Interdisciplinarity and research creation
Terms like practice-led research, research-based art-practice and research-creation attest to a felt need to expand conventional academic research/learning processes as well as art practices. Orthogonal combines historical and anthropological research, aero and hydrodynamics, engineering design and manual/artisanal making practice into an integrated process.
Project history and institutional context
Penny began designing Orthogonal in 2014. Building began 2016. Anticipated launching for sea-trails have ben postpone due to covid and other annoyances.
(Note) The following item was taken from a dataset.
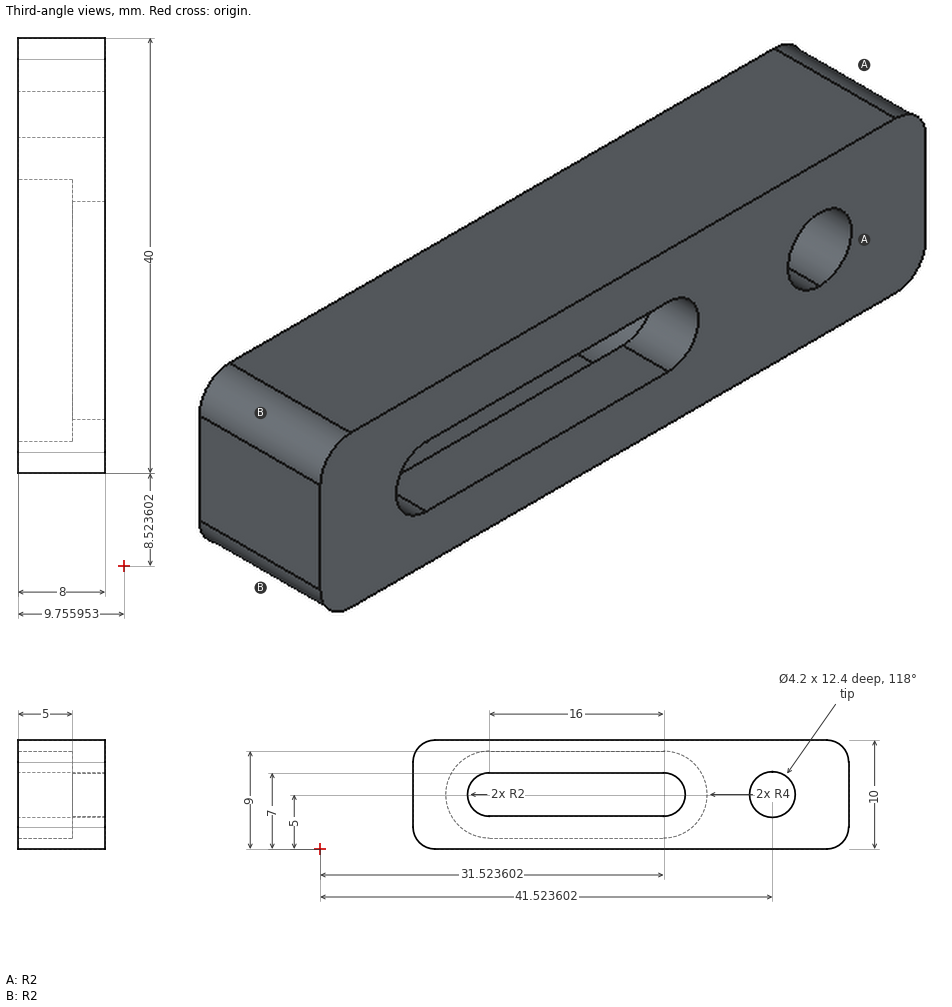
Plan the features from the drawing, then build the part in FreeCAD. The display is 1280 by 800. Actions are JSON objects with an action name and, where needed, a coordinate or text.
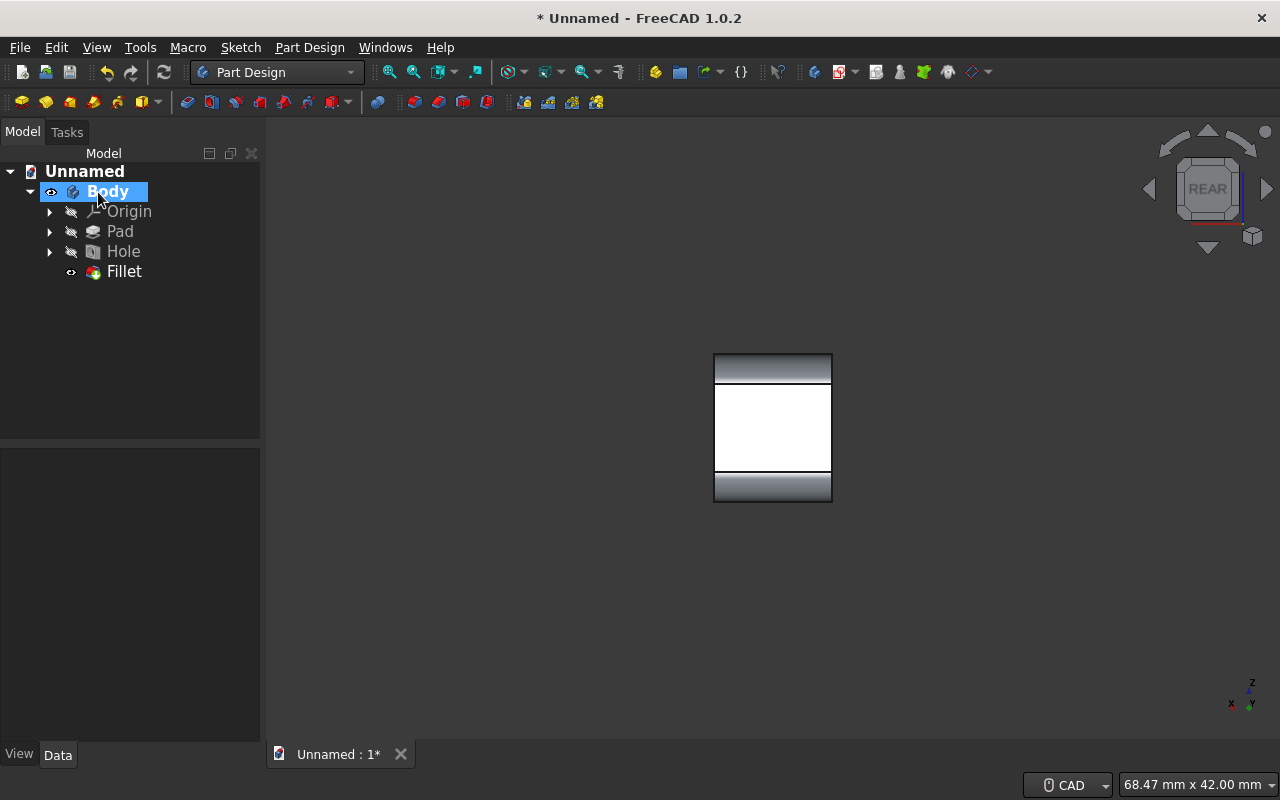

The Orthogonal team is grateful for the in-kind support of the Dean of the Claire Trevor School of the Arts (providing space for building Orthogonal) and to the CALIT2/UROP Multidisciplinary Design Projects program which has afforded a structure in which students can work on the project, along with a small budget. Professor Penny is also grateful to UCI CORCL for a small grant towards the project.
In the context of UCI UROP MDP and other connections, I’ve worked with over 50 UCI undergrads on the project, in hands-on making and also in design and 3D modelling. Some have come in with some experience and/or mechanical aptitude and have contributed significantly while learning new skills. Others have begun with minimal experience. Some have had epiphanies and become engrossed. Others have found their tasks tedious, onerous and irrelevant. I am grateful to them all for their efforts.